It seems clear that the writing is on the wall for public crypto: regulation is coming, and the heady days of the last two years are numbered. If there is a lasting impact, it will be through the incorporation of crypto technologies within the existing banking system. My recent investigations into the R&D being done by the banks have not yielded any unambiguous use cases. It is certain, however, that like me, they are spending a lot of time and energy trying to figure it out.
Citi's Tony McLaughlin seems willing to explore the question while remaining skeptical, appropriately so from the point of view of a systemic, incumbent financial institution. I have written previously about McLaughlin's observations on API-based banking. In two interesting pieces from recent months, McLaughlin opens up a number of important ideas that warrant more complete consideration. Here I want to pull out what he calls the "tokenization thesis," namely the arguments that tokens will win out over accounts as representations of value.
Not all tokens are bearer instruments
Payment by transfer of a physical coin or note can be thought of in two steps: first, the validity of the medium is checked (is the note counterfeit?), then ownership is transferred and the payment is final. Such is a bearer instrument, a token of value that is both proof of authenticity and repository of value. Bitcoin and Ethereum are digital bearer instruments: the blockchain algorithm confirms the validity of the payment and associates the value with the recipient's cryptographic keys.
The two functions can be separated. An unendorsed check, for example, is a proof of authenticity of payment, but it is a repository of value only for the named payee. Physical transfer of the check does not, by itself, transfer any economic value. Once endorsed, however, a check does become a bearer instrument.
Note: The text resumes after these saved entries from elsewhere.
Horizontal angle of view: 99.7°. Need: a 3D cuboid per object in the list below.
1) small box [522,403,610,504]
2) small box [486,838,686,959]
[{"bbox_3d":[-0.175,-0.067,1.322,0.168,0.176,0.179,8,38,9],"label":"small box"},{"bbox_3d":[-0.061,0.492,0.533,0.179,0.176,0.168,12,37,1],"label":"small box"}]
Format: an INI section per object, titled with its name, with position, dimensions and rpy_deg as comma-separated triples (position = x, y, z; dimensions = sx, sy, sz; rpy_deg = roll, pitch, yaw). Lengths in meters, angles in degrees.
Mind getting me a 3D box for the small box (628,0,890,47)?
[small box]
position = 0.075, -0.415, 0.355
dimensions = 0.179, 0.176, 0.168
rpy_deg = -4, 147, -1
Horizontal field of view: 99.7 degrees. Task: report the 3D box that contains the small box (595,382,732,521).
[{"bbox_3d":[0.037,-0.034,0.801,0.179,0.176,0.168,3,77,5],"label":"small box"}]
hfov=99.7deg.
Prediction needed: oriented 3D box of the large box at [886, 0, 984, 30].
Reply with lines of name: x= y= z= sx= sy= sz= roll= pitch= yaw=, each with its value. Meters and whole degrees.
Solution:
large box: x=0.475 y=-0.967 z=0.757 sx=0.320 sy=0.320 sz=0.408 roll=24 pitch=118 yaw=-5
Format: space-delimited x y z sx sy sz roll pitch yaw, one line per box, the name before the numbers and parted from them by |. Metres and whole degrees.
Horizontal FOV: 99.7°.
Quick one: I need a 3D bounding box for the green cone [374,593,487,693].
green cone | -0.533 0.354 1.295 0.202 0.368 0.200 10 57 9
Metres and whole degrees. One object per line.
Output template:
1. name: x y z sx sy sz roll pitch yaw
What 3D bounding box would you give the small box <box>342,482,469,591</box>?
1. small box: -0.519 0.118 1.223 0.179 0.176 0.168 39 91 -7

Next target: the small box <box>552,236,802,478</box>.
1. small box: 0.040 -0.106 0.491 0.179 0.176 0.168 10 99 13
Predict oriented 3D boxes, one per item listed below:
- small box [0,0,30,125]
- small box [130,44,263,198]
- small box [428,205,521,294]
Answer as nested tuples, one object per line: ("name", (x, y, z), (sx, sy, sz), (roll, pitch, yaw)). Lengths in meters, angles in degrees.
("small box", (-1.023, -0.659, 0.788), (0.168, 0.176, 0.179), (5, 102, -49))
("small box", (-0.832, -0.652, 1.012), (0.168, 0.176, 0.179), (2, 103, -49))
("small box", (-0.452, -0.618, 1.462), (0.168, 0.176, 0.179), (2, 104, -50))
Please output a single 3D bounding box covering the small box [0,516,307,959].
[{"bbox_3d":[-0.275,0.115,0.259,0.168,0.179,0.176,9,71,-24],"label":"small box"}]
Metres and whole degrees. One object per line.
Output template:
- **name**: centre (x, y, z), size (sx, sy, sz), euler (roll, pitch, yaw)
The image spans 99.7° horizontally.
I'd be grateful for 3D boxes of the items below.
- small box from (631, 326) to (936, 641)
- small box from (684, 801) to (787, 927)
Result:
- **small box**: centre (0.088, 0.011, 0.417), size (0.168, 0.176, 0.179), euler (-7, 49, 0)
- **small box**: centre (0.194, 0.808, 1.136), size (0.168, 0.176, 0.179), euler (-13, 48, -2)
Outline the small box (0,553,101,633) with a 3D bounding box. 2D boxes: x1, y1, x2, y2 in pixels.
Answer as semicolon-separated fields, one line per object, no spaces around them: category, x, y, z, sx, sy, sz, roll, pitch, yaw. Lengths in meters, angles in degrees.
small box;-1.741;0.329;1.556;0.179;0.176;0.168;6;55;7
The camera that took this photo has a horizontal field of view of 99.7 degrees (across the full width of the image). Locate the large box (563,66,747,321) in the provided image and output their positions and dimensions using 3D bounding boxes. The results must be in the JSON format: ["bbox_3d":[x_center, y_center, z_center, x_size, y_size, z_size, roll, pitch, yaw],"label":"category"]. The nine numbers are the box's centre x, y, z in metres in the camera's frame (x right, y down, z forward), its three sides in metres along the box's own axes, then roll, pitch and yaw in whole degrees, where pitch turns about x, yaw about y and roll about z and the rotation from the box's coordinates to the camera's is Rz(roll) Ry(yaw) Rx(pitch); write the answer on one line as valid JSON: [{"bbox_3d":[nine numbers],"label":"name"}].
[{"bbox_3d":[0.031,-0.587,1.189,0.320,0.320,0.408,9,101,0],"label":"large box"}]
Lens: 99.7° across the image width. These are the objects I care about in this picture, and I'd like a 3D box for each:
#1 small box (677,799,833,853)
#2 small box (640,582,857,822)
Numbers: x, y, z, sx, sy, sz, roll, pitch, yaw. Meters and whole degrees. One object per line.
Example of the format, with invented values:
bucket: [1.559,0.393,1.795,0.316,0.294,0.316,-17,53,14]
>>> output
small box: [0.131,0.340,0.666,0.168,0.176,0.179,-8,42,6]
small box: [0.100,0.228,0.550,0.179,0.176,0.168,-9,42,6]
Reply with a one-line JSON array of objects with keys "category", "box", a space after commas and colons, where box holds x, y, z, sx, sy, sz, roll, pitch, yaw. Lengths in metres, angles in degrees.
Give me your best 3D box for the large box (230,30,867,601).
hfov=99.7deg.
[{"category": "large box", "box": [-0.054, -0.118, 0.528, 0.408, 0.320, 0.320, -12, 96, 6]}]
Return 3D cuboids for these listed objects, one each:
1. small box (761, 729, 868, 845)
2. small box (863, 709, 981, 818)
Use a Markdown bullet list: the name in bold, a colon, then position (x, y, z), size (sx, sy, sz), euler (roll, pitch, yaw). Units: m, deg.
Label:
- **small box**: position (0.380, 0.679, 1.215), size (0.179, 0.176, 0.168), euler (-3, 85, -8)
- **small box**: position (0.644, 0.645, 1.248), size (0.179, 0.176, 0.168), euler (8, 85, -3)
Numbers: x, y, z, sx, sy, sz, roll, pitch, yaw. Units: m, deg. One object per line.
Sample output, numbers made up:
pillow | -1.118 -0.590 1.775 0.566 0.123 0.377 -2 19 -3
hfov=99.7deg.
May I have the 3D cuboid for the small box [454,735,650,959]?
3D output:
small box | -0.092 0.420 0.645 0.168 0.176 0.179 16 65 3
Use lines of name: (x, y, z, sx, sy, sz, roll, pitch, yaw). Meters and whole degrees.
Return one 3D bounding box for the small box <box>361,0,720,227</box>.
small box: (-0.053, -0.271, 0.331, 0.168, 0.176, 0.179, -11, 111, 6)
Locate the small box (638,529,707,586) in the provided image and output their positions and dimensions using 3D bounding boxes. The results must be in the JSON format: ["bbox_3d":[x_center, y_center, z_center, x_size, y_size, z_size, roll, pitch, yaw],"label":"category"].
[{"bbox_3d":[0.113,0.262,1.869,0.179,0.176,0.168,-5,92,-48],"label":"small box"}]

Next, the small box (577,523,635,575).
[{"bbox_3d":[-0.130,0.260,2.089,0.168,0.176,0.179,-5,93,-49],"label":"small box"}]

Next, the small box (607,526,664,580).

Banking without liabilities
As bearer instruments, public crypto tokens Bitcoin and Ethereum have given rise to an asset-only financial structure. Value is represented only by ownership of the tokens. The tokens are not anyone's liability; they are based on a conception of value that arises from their scarcity-by-design, what I have previously called "crypto monetarism." Payment is completed by transfer of ownership:
In such a situation, the only way to be sure of being able to complete payments—that is, the only way to remain liquid—is to hold large stores of tokens, which leaves them vulnerable to loss and theft, as Poly Network learned the hard way.
Liability tokens
Two-sided instruments are preferred in commercial transactions over such an asset-only structure. If the assets of one actor are the liabilities of another, and the two sides can agree on terms, it is easy to expand and contract the supply of liquid assets quickly without holding large stores of tokens. This is how payment systems work. For example, if a user of e-money (e.g. a Visa prepaid card) wants to pay a commercial bank depositor, they can do so using liabilities of the central bank (the end-users' T accounts are not shown):
The receiving intermediary (the commercial bank, in this example) creates the deposit liability for its customer only once it has also received the corresponding asset (central bank reserves).
McLaughlin proposes a tokenized system, the Regulated Liability Network, to achieve this financial structure using tokens on a distributed ledger. Each transaction uses two tokens: a customer token, which requests the payment, and a settlement token, which confirms that the payment is funded. Such tokens are not bearer instruments. They behave more like checks than like banknotes, but each transaction requires two checks, one for the liability side and one for the asset side.
Why tokenize?
Token transfer, in such a system, would occur on a permissioned distributed ledger. Because the tokens are not bearer instruments, this would make no change to the legal structure of the financial relationships themselves: a deposit would still be a deposit, reserves would still be reserves. This is a big benefit from the point of view of existing institutions.
But as McLaughlin notes, it would mean big changes: instead of the account-based records that each individual bank currently holds, the distributed ledger (in its many copies) would hold that information for all participants. This would enable the benefits claimed for tokenization. The system could be always on, with no dependence on local business hours, because the existence of the two tokens ensures that the payment is funded with no further input from the sending bank. For the same reason, settlement would be instantaneous. And contracts would be programmable, because different participants could independently execute the same conditional logic, and be sure of reaching the same results, on their own copies of the distributed ledger.
Citi's concept has already attracted the attention of tech firms: R3, which has been busy building CBDC systems using its Corda blockchain, wrote an implementation proposal; and separately SETL, working with Amazon, built a simulation to show that the system could reach throughput of a million transactions per second.
Hard to say where this will end up. But for sure, we can count this among the more serious of crypto experiments.
Hmm. I suppose this raises the question of where (and why) it's useful to draw a distinction between "tokens" and "accounts." If all assets on the blockchain are associated with an owner address, that sounds an awful lot like everybody has blockchain accounts.
Is it the token-versus-account distinction that matters here? Or is the biggest change that Citi wouldn't have to manage the accounts using its own database? Or are they using blockchain as an excuse to automate things that, from a technological standpoint, could easily have been automated without blockchain?